Online-Nachricht - Donnerstag, 30.03.2017

Versicherungsvertragsrecht | Erstattungsfähigkeit der Kosten einer Lasik-Operation (BGH)

Die Fehlsichtigkeit auf beiden Augen von -3 bzw. -2,75 Dioptrien stellt eine Krankheit im Sinne von § 1 Abs. 2 der Musterbedingungen für die Krankheitskosten- und Krankenhaustagegeldversicherung dar. Daher muss der private Krankenversicherer bei Vorliegen der weiteren Voraussetzungen auch die Kosten einer Lasik-Operation zur Beseitigung dieser Fehlsichtigkeit tragen ().

Sachverhalt: Im Streitfall begehrte die Klägerin, die eine Lasik-Operation erfolgreich hatte durchführen lassen, die Erstattung der dafür angefallenen Kosten in Höhe von rund 3.500 €.

In § 1 Abs. 2 der dem Versicherungsvertrag zugrunde liegenden Allgemeinen Versicherungsbedingungen, die insoweit den Musterbedingungen für die Krankheitskosten- und Krankenhaustagegeldversicherung (MB/KK) entsprechen, heißt es:

"Versicherungsfall ist die medizinisch notwendige Heilbehandlung einer versicherten Person wegen Krankheit oder Unfallfolgen (…)."

Die Klage war in den Vorinstanzen erfolglos geblieben.

Hierzu führten die Richter des BGH weiter aus:

  • Für den Krankheitsbegriff in Allgemeinen Versicherungsbedingungen komme es nicht auf das Verständnis in medizinischen Fachkreisen, sondern auf das Verständnis eines durchschnittlichen Versicherungsnehmers an.

  • Dieser wird davon ausgehen, dass zum Normalzustand der Sehfähigkeit ein beschwerdefreies Lesen und eine gefahrenfreie Teilnahme am Straßenverkehr gehören.

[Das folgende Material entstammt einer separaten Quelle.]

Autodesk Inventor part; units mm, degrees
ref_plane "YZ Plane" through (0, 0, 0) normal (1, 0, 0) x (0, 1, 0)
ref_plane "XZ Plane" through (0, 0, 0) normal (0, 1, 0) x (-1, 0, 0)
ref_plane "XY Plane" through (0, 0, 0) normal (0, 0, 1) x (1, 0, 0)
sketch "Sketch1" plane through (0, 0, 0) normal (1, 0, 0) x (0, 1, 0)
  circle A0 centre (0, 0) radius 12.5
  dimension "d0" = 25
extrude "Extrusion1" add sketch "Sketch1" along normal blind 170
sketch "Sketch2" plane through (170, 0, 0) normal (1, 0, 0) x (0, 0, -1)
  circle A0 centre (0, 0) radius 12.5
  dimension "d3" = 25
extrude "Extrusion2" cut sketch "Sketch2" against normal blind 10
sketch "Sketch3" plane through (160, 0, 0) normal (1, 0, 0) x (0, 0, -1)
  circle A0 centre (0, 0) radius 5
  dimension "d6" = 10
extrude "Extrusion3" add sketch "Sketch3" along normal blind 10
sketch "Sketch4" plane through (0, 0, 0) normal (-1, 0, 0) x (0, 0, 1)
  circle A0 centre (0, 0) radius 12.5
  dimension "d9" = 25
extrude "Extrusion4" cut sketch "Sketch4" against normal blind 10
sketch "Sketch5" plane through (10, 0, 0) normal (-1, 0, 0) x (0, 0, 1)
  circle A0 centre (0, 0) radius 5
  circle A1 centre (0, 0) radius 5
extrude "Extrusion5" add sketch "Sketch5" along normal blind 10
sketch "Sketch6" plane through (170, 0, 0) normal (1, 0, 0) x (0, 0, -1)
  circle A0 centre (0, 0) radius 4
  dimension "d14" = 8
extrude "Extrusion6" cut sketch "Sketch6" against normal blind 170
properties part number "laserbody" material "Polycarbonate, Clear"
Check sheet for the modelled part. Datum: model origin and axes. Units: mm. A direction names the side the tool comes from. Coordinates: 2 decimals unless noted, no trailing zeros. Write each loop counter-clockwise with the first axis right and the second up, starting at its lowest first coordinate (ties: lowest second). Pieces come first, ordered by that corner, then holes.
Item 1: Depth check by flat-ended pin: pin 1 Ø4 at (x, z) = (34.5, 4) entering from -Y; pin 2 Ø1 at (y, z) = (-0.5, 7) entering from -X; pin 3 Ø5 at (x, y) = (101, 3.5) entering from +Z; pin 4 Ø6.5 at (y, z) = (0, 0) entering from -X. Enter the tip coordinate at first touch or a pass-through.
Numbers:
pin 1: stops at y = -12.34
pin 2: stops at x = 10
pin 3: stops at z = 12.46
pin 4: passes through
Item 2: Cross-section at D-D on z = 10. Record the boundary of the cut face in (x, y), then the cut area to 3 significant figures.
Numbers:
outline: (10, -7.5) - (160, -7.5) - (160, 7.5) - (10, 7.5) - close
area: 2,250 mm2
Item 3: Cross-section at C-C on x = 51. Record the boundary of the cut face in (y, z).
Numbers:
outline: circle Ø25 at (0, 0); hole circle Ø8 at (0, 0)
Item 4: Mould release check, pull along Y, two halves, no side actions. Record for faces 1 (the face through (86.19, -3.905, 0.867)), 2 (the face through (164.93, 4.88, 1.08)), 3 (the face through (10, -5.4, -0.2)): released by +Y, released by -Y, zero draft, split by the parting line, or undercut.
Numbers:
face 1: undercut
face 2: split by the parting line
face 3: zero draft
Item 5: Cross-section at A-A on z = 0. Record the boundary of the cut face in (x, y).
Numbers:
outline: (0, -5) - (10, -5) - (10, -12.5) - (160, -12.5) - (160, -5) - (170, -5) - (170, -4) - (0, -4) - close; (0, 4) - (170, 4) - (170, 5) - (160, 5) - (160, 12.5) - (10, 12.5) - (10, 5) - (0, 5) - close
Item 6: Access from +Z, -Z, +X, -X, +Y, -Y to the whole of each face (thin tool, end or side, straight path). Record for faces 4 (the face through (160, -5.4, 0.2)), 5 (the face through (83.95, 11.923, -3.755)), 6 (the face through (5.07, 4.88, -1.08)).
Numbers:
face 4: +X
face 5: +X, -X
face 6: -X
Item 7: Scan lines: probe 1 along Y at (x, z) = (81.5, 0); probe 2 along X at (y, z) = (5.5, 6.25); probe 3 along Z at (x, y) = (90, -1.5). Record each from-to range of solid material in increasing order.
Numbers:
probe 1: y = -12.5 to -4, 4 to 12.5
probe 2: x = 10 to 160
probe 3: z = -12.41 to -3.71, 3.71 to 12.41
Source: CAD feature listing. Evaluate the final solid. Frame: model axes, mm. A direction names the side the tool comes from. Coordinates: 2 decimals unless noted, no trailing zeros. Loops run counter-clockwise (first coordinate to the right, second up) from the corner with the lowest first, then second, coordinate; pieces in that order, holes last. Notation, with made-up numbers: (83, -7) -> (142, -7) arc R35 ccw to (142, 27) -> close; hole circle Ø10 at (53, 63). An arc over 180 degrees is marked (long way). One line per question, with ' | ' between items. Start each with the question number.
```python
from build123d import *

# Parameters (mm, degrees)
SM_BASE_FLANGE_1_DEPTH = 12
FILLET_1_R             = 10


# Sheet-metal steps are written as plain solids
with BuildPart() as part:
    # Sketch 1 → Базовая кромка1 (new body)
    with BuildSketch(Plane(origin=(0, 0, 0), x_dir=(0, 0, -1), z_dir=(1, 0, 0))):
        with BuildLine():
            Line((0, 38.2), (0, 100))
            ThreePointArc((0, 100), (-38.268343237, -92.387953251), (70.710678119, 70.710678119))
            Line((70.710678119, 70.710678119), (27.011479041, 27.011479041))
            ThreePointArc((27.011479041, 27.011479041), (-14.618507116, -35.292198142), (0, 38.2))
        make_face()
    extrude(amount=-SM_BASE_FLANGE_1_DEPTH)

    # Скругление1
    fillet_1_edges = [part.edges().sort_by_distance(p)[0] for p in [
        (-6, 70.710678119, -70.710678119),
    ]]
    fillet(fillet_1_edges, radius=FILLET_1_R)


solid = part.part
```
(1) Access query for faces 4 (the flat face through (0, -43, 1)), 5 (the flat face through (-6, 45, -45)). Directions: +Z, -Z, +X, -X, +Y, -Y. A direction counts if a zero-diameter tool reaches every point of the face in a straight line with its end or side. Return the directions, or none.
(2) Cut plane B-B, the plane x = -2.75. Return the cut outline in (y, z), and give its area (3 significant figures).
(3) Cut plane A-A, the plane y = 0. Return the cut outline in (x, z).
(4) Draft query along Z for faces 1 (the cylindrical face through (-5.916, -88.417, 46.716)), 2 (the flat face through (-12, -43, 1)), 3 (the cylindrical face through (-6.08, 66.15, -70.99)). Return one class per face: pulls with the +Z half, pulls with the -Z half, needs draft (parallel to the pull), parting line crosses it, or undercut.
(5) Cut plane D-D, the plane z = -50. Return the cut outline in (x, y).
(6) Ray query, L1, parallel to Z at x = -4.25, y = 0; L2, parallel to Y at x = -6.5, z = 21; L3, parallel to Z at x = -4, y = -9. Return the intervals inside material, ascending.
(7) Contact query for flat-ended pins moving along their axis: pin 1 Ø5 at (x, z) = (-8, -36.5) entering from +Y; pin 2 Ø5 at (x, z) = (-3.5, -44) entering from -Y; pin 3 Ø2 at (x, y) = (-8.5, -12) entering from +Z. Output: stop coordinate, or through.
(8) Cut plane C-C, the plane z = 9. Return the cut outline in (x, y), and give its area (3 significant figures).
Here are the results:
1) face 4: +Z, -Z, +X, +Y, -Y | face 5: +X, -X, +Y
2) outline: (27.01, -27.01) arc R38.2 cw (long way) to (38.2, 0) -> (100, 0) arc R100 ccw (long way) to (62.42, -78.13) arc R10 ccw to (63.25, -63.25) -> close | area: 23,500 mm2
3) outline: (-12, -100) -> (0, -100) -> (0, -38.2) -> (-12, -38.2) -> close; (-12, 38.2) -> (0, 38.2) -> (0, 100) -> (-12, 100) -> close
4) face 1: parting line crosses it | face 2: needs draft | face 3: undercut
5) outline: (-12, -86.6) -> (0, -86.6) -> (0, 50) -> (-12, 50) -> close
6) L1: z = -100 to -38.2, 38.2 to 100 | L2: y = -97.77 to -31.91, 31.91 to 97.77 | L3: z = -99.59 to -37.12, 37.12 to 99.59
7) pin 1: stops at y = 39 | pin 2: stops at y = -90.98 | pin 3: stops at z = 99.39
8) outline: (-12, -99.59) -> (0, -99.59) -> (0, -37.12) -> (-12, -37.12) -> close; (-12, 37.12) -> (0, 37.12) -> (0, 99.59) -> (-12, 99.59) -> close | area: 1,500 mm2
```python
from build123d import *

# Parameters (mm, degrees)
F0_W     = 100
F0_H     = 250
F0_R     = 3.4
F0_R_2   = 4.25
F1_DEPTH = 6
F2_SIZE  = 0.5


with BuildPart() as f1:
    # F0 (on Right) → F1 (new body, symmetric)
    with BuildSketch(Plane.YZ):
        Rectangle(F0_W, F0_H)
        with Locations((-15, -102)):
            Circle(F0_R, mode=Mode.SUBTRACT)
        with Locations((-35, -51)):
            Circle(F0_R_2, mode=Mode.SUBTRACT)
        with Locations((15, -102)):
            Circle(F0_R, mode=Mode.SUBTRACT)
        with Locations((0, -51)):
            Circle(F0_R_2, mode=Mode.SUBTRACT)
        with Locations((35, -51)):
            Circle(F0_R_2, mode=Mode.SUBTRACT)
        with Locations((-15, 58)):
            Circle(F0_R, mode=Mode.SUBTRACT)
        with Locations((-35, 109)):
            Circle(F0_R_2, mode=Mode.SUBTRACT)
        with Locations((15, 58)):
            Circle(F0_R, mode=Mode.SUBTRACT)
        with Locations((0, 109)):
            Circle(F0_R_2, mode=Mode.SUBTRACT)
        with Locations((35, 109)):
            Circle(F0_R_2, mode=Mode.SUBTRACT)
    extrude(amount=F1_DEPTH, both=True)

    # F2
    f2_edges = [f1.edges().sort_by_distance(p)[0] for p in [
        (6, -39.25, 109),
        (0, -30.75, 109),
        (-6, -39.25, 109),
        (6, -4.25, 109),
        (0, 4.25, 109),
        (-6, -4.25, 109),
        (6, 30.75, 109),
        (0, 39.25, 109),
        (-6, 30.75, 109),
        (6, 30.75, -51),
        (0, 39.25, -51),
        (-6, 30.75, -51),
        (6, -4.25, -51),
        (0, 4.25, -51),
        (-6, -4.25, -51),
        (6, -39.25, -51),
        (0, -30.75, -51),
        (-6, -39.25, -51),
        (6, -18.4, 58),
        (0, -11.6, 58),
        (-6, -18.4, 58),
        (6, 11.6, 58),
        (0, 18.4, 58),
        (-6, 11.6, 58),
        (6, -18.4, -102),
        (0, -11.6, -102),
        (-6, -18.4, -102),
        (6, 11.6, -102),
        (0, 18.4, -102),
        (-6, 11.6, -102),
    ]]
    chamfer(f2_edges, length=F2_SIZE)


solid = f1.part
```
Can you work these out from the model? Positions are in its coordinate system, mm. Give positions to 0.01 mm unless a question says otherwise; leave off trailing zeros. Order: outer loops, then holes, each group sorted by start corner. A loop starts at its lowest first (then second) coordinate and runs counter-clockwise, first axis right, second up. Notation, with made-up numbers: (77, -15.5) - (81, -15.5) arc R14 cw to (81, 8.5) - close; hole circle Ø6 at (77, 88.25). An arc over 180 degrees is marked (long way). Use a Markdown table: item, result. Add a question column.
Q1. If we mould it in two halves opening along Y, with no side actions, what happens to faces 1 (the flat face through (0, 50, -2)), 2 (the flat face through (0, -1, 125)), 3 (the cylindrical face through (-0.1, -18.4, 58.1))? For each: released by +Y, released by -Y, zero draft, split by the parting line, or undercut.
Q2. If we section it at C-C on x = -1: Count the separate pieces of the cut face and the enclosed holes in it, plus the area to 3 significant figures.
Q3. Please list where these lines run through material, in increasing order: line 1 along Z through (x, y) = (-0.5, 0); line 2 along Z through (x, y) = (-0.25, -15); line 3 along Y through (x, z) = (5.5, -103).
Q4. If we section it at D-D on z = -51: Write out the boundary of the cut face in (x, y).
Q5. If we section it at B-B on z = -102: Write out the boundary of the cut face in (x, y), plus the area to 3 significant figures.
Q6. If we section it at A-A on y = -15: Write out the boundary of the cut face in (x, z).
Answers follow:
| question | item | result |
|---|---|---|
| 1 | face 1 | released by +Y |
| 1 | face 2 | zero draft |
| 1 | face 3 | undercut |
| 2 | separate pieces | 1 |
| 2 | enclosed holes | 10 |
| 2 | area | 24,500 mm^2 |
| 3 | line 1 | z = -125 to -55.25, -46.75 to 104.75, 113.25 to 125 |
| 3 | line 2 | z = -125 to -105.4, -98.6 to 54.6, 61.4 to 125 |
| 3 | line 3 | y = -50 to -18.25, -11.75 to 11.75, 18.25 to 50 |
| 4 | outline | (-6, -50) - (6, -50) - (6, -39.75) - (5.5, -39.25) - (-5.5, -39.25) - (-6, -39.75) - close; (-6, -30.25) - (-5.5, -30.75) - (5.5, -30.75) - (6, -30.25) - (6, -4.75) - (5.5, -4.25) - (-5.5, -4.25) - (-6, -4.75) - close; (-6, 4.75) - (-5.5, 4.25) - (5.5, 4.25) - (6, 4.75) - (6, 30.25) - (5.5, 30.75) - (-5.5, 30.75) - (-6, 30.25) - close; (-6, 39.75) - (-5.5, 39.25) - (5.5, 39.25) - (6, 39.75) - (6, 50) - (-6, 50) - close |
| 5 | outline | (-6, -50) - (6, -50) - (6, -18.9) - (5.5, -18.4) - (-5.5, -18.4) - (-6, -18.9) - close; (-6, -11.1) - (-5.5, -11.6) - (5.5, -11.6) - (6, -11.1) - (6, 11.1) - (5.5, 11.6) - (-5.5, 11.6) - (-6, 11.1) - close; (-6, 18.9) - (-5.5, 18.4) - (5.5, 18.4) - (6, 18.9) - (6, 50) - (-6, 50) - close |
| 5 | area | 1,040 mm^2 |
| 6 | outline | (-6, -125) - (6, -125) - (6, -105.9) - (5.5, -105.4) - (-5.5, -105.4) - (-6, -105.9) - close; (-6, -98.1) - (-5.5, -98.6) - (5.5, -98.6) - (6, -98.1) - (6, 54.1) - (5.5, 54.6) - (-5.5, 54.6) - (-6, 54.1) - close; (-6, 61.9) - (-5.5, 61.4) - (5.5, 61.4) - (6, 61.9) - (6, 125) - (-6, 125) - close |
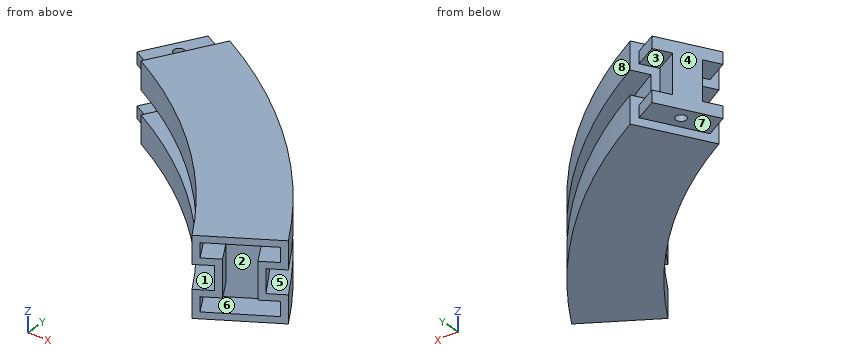
Autodesk Inventor part; units mm, degrees
ref_plane "Work Plane1" through (0, 50, 0) normal (0, 1, 0) x (-1, 0, 0)
ref_plane "Work Plane2" through (0, 0, -79) normal (0, 0, 1) x (1, 0, 0)
ref_plane "Work Plane3" through (-40, 45, 40) normal (0, -1, 0) x (1, 0, 0)
sketch "Sketch2" plane through (0, 0, 0) normal (0, 1, 0) x (-1, 0, 0)
  line L0 (15, 15) -> (-15, 15)
  line L1 (-15, -15) -> (15, -15)
  line L2 (15, 4.5) -> (8, 4.5)
  line L3 (8, 4.5) -> (8, -4.5)
  line L4 (8, -4.5) -> (15, -4.5)
  line L5 (-15, 4.5) -> (-8, 4.5)
  line L6 (-8, 4.5) -> (-8, -4.5)
  line L7 (-8, -4.5) -> (-15, -4.5)
  line L8 (15, -15) -> (15, -4.5)
  line L9 (15, 4.5) -> (15, 15)
  line L10 (-15, 15) -> (-15, 4.5)
  line L11 (-15, -4.5) -> (-15, -15)
  point P0 (0, 0)
  dimension "d18" = 9
  dimension "d19" = 7
  dimension "d21" = 16
  dimension "d22" = 30
  dimension "d23" = 15
  dimension "d24" = 4.5
  dimension "d25" = 8
sketch "Sketch6" plane through (0, 0, 0) normal (0, 0, 1) x (1, 0, 0)
  arc A0 (0, 0) -> (-110, 190.5256) centre (-220, 0) ccw
  line L0 (-220, 0) -> (-110, 190.5256) construction
  line L1 (-220, 0) -> (0, 0) construction
  dimension "d41" = 220
  dimension "d42" = 60
  dimension "d43" = 220
  dimension "d44" = 0
sweep "Sweep2" add profiles "Sketch2" path "Sketch6"
sketch "Sketch7" plane through (-102.5, 203.516, 4.5) normal (-0.8660254, 0.5, 0) x (0, 0, 1)
  line L0 (-16.5, -3) -> (-12, -3)
  line L1 (-12, -3) -> (-12, -10)
  line L2 (-12, -10) -> (3, -10)
  line L3 (3, -10) -> (3, -3)
  line L4 (3, -3) -> (7.5, -3)
  line L5 (7.5, -3) -> (7.5, -27)
  line L6 (7.5, -27) -> (3, -27)
  line L7 (3, -27) -> (3, -20)
  line L8 (3, -20) -> (-12, -20)
  line L9 (-12, -20) -> (-12, -27)
  line L10 (-12, -27) -> (-16.5, -27)
  line L11 (-16.5, -27) -> (-16.5, -3)
  line L12 (-19.5, 0) -> (-19.5, -30)
  line L13 (-9, -7) -> (-9, 0)
  line L14 (0, 0) -> (0, -7)
  line L15 (10.5, -30) -> (10.5, 0)
  line L16 (-19.5, -30) -> (-9, -30)
  line L17 (-9, 0) -> (-19.5, 0)
  line L18 (0, -30) -> (10.5, -30)
  line L19 (-9, -23) -> (0, -23)
  line L20 (0, -7) -> (-9, -7)
  point P0 (-4.5, -125)
  point P1 (-14.25, 0)
  dimension "d47" = 3
  dimension "d48" = 3
  dimension "d49" = 3
  dimension "d50" = 3
  dimension "d51" = 3
  dimension "d52" = 3
  dimension "d53" = 3
  dimension "d54" = 3
  dimension "d55" = 3
extrude "Extrusion3" add sketch "Sketch7" along normal blind 10
sketch "Sketch8" plane through (-116, 180.1333, -12) normal (0, 0, -1) x (-0.8660254, 0.5, 0)
  circle A0 centre (5, 12) radius 2
  line L0 (0, 0) -> (10, 0)
  line L1 (10, 24) -> (10, 0)
  point P0 (-190.5256, -98)
  dimension "d58" = 4
  dimension "d59" = 12
  dimension "d60" = 5
extrude "Extrusion4" cut sketch "Sketch8" against normal through all
sketch "Sketch9" plane through (0, 0, 0) normal (0, 1, 0) x (-1, 0, 0)
  line L0 (-40, 40) -> (40, 40)
  line L1 (40, 40) -> (40, -40)
  line L2 (40, -40) -> (-40, -40)
  line L3 (-40, -40) -> (-40, 40)
  point P0 (0, 0)
  dimension "d63" = 80
  dimension "d64" = 80
  dimension "d65" = 40
  dimension "d66" = 40
ref_plane "Work Plane1" through (0, 50, 0) normal (0, 1, 0) x (-1, 0, 0)
sketch "Sketch10" plane through (0, 50, 0) normal (0, 1, 0) x (-1, 0, 0)
  line L0 (-9.6, 15) -> (21.4, 15)
  line L1 (21.4, 15) -> (21.4, -15)
  line L2 (21.4, -15) -> (-9.6, -15)
  line L3 (-9.6, -15) -> (-9.6, 15)
  point P0 (0, 0)
  dimension "d68" = 30
  dimension "d69" = 9.6
  dimension "d70" = 15
  dimension "d71" = 31
loft "Loft1" add profiles "Sketch9", "Sketch10"
ref_plane "Work Plane2" through (0, 0, -79) normal (0, 0, 1) x (1, 0, 0)
sketch "Sketch11" plane through (0, 0, -79) normal (0, 0, 1) x (1, 0, 0)
  line L0 (50, -5) -> (-129.034, -5)
  line L1 (-129.034, -5) -> (-129.034, 135)
  line L2 (-129.034, 135) -> (-90, 202.6089)
  line L3 (-90, 202.6089) -> (50, 95)
  line L4 (50, -5) -> (50, 95)
  point P0 (0, 0)
  dimension "d77" = 100
  dimension "d79" = 140
  dimension "d80" = 67.6089
  dimension "d81" = 140
  dimension "d82" = 150
  dimension "d83" = 50
  dimension "d86" = 5
extrude "Extrusion5" [suppressed]
sketch "Sketch12" plane through (-40, 0, 40) normal (0, -1, 0) x (1, 0, 0)
  line L0 (70, -70) -> (10, -70)
  line L1 (10, -70) -> (10, -10)
  line L2 (10, -10) -> (70, -10)
  line L3 (70, -10) -> (70, -70)
  line L4 (0, 0) -> (0, -80)
  line L5 (0, -80) -> (80, -80)
  line L6 (80, -80) -> (80, 0)
  line L7 (80, 0) -> (0, 0)
  point P0 (40, -40)
  dimension "d87" = 10
  dimension "d88" = 10
  dimension "d89" = 10
  dimension "d90" = 10
ref_plane "Work Plane3" through (-40, 45, 40) normal (0, -1, 0) x (1, 0, 0)
sketch "Sketch14" plane through (-40, 45, 40) normal (0, -1, 0) x (1, 0, 0)
  line L0 (40.5, -40.5) -> (39.5, -40.5)
  line L1 (39.5, -40.5) -> (39.5, -39.5)
  line L2 (39.5, -39.5) -> (40.5, -39.5)
  line L3 (40.5, -39.5) -> (40.5, -40.5)
  line L4 (80, 0) -> (0, 0)
  line L5 (0, 0) -> (0, -80)
  point P0 (40, -40)
  point P1 (0, -40)
  dimension "d95" = 1
  dimension "d96" = 1
  dimension "d97" = 39.5
  dimension "d98" = 39.5
loft "Loft2" cut profiles "Sketch12", "Sketch14" contours L0 L1 L2 L3 / all
ref_plane "Work Plane4" through (9.6, 50, -45) normal (0, 0, -1) x (-1, 0, 0)
sketch "Sketch15" plane through (9.6, 50, -45) normal (0, 0, -1) x (-1, 0, 0)
  line L0 (-71.3683, -50) -> (104.0101, -50)
  line L1 (229.6, -50) -> (-99.4897, 140)
  line L2 (-99.4897, 140) -> (-99.4897, -50)
  line L3 (-99.4897, -50) -> (-71.3683, -50)
  line L4 (229.6, -50) -> (104.0101, -50)
  point P0 (9.6, -50)
  dimension "d104" = 220
  dimension "d105" = 30
  dimension "d107" = 190
extrude "Extrusion6" cut sketch "Sketch15" against normal through all
sketch "Sketch16" plane through (-42.4648, 102.5, -15) normal (0.5, -0.8660254, 0) x (0.8660254, 0.5, 0)
  line L0 (27.5, 27.5) -> (27.5, 22)
  line L1 (27.5, 22) -> (20.5, 22)
  line L2 (20.5, 22) -> (20.5, 8)
  line L3 (23, 10.5) -> (-7.5462, 10.5)
  line L4 (20.5, 8) -> (27.5, 8)
  line L5 (27.5, 8) -> (27.5, 2.5)
  line L6 (27.5, 2.5) -> (2.5, 2.5)
  line L7 (2.5, 2.5) -> (2.5, 8)
  line L8 (2.5, 8) -> (9.5, 8)
  line L9 (9.5, 8) -> (9.5, 22)
  line L10 (9.5, 22) -> (2.5, 22)
  line L11 (2.5, 27.5) -> (27.5, 27.5)
  line L12 (2.5, 22) -> (2.5, 27.5)
  line L13 (0, 30) -> (30, 30)
  line L14 (0, 19.5) -> (0, 30)
  line L15 (7, 19.5) -> (0, 19.5)
  line L16 (7, 10.5) -> (7, 19.5)
  line L17 (30, 0) -> (0, 0)
  line L18 (30, 10.5) -> (30, 0)
  line L19 (23, 19.5) -> (23, 10.5)
  point P0 (-14.4744, 15)
  dimension "d110" = 2.5
  dimension "d111" = 2.5
  dimension "d112" = 2.5
  dimension "d113" = 2.5
  dimension "d114" = 2.5
  dimension "d115" = 2.5
  dimension "d116" = 2.5
  dimension "d117" = 2.5
extrude "Extrusion7" cut sketch "Sketch16" against normal blind 10
properties part number "LightRail_endSection"
Source: CAD feature listing. Evaluate the final solid. Frame: model axes, mm. Face numbers are marked on the shaded views. A direction names the side the tool comes from. Round coordinates to 2 decimals unless told otherwise and drop trailing zeros. Order: outer loops, then holes, each group sorted by start corner. A loop starts at its lowest first (then second) coordinate and runs counter-clockwise, first axis right, second up. Notation, with made-up numbers: (70, 44.5) -> (111, 44.5) arc R10 cw to (111, 48.5) -> close; hole circle Ø1 at (5.5, -32.75). An arc over 180 degrees is marked (long way). One line per item, written item: value. Start each with the question number.
Q1. Section query D-D (z = 8.75). Return the cut outline in (x, y).
Q2. Section query B-B (y = 135). Return the cut outline in (x, z), plus the area to 3 significant figures.
Q3. Section query A-A (z = -3). Return the cut outline in (x, y), plus the area to 3 significant figures.
Q4. Access query for the marked faces 1, 2, 3, 4 and 5. Directions: +Z, -Z, +X, -X, +Y, -Y. A direction counts if a zero-diameter tool reaches every point of the face in a straight line with its end or side. Return the directions, or none.
Q5. Draft query along Z for the marked faces 6, 7 and 8. Return one class per face: pulls with the +Z half, pulls with the -Z half, needs draft (parallel to the pull), parting line crosses it, or undercut.
Q6. Pin query (flat end, axial travel): pin 1 (12 mm diameter, centred on x = -71, z = -8.5, fed in from +Y); pin 2 (3.5 mm diameter, centred on x = -118, y = 185, fed in from -Z); pin 3 (6 mm diameter, centred on y = 125.5, z = 10, fed in from -X). Return the tip coordinate at first contact, or that it passes through.
Q7. Material intervals for probe 1 along Z at (x, y) = (-71.5, 177); probe 2 along Y at (x, z) = (-115, 1.25); probe 3 along X at (y, z) = (194.5, -4.25), sorted ascending.
Q8. Section query C-C (x = -61). Return the cut outline in (y, z), plus the area to 3 significant figures.
Findings below:
1. outline: (-124.66, 185.13) -> (-116, 180.13) -> (-117.5, 177.54) arc R205 cw to (-42.46, 102.5) -> (-40.3, 103.75) -> (-45.3, 112.41) -> (-23.65, 124.91) -> (-18.65, 116.25) -> (-16.48, 117.5) arc R235 ccw to (-102.5, 203.52) -> (-104, 200.92) -> (-112.66, 205.92) -> close; hole circle Ø4 at (-114.33, 193.03)
2. outline: (-65.73, -15) -> (-27.65, -15) -> (-27.65, -4.5) -> (-36.26, -4.5) -> (-36.26, 4.5) -> (-27.65, 4.5) -> (-27.65, 15) -> (-65.73, 15) -> (-65.73, 4.5) -> (-56.54, 4.5) -> (-56.54, -4.5) -> (-65.73, -4.5) -> close
2. area: 982 mm²
3. outline: (-121.16, 191.2) -> (-112.5, 186.2) -> (-114, 183.6) arc R212 cw to (-36.4, 106) -> (-34.24, 107.25) -> (-39.24, 115.91) -> (-29.71, 121.41) -> (-24.71, 112.75) -> (-22.55, 114) arc R228 ccw to (-106, 197.45) -> (-107.5, 194.86) -> (-116.16, 199.86) -> close; hole circle Ø4 at (-114.33, 193.03)
3. area: 1,820 mm²
4. face 1: -X, -Y
4. face 2: none
4. face 3: +Y
4. face 4: +Z, -Z, -X, +Y
4. face 5: +X, +Y
5. face 6: undercut
5. face 7: pulls with the -Z half
5. face 8: needs draft
6. pin 1: y = 186.48
6. pin 2: z = -12
6. pin 3: x = -60.27
7. probe 1: -15 to -4.5, 4.5 to 15
7. probe 2: 187.64 to 191.14, 194.91 to 199.19
7. probe 3: -119.25 to -115.68, -112.98 to -101.03
8. outline: (129.4, -15) -> (173.04, -15) -> (173.04, -4.5) -> (163.41, -4.5) -> (163.41, 4.5) -> (173.04, 4.5) -> (173.04, 15) -> (129.4, 15) -> (129.4, 4.5) -> (140.22, 4.5) -> (140.22, -4.5) -> (129.4, -4.5) -> close
8. area: 1,130 mm²

  • Ein durchschnittlicher Versicherungsnehmer wird das Vorliegen einer bedingungsgemäßen Krankheit annehmen, wenn bei ihm eine nicht nur ganz geringfügige Beeinträchtigung dieser körperlichen Normalfunktion vorliegt, die ohne Korrektur ein beschwerdefreies Sehen nicht ermöglicht.

Hinweis:

Der BGH hat den Rechtsstreit zur Prüfung der weiteren Frage, ob die durchgeführte Operation eine medizinisch notwendige Heilbehandlung darstellte, an das Berufungsgericht zurückverwiesen. Dabei hat das Gericht darauf hingewiesen, dass diese Notwendigkeit bei der gegebenen Bedingungslage nicht allein wegen der Üblichkeit des Tragens einer Brille oder von Kontaktlinsen verneint werden kann.

Dies hat der BGH damit begründet, dass das Tragen einer Sehhilfe in Bezug auf die Fehlsichtigkeit keine Heilbehandlung darstellt, Brillen und Kontaktlinsen vielmehr lediglich Hilfsmittel sind, mit denen körperliche Defekte über einen längeren Zeitraum ausgeglichen werden, und die vereinbarten Allgemeinen Versicherungsbedingungen dem Versicherungsnehmer an keiner Stelle deutlich machen, dass die Erstattungsfähigkeit der Kosten einer medizinisch notwendigen Heilbehandlung grundsätzlich davon abhängen soll, ob er (dauerhaft) auf ein Hilfsmittel zurückgreifen kann, das den bei ihm bestehenden anormalen Körperzustand auszugleichen oder abzuschwächen geeignet ist, ohne am eigentlichen Leiden etwas zu ändern.